_Input data_
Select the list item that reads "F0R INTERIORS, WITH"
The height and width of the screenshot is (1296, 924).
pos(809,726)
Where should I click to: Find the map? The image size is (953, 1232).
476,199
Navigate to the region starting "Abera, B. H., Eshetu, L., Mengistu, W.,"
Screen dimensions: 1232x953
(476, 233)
==
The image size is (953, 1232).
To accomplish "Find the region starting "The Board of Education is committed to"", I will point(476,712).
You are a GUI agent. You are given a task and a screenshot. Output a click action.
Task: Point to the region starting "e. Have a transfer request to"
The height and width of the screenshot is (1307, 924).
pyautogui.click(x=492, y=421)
--
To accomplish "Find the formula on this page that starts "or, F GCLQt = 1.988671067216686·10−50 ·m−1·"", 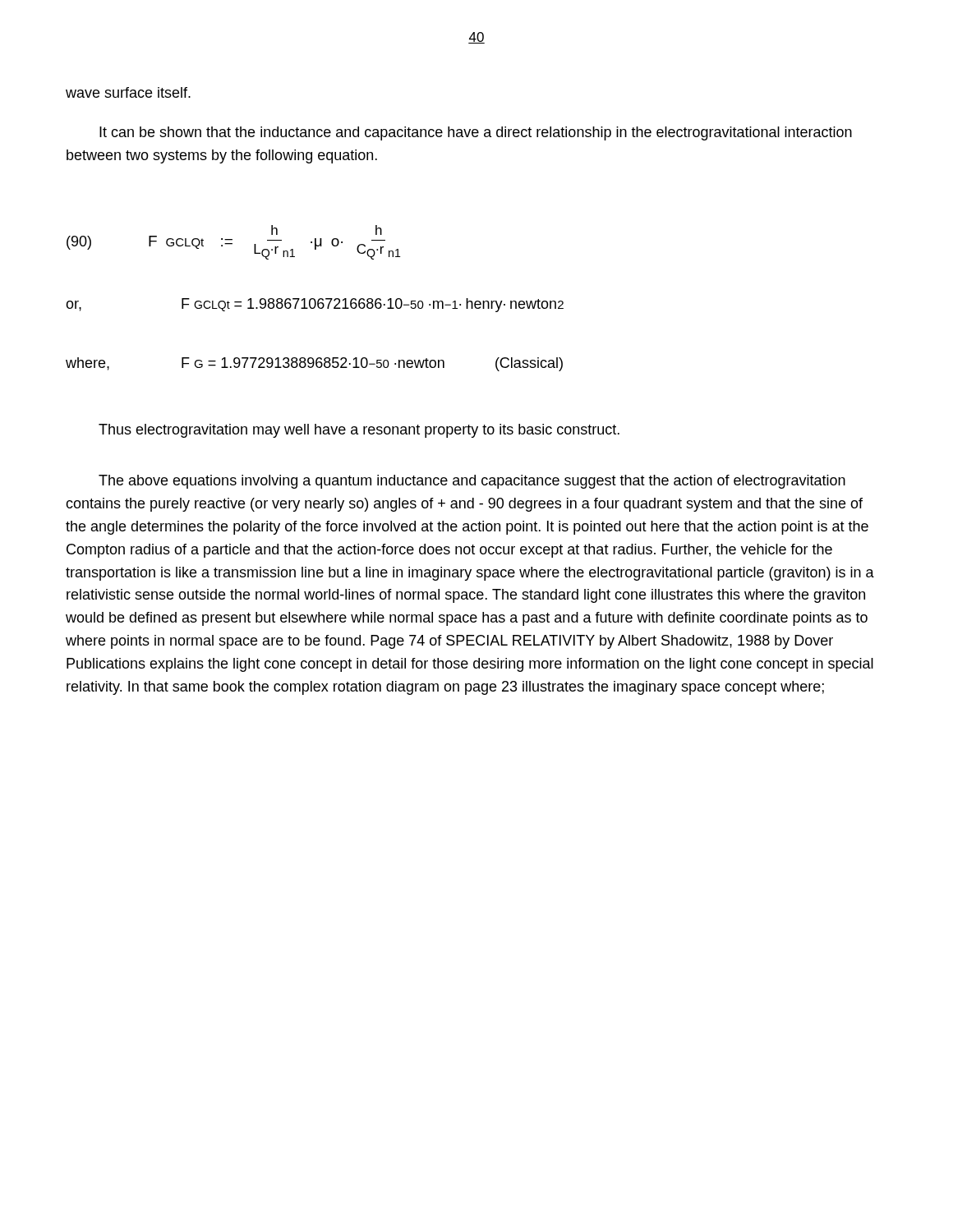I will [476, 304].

_Problem_
Compute the number of lines in the records that contain the string "region", and return that number alone.

_Reply to the exercise_
3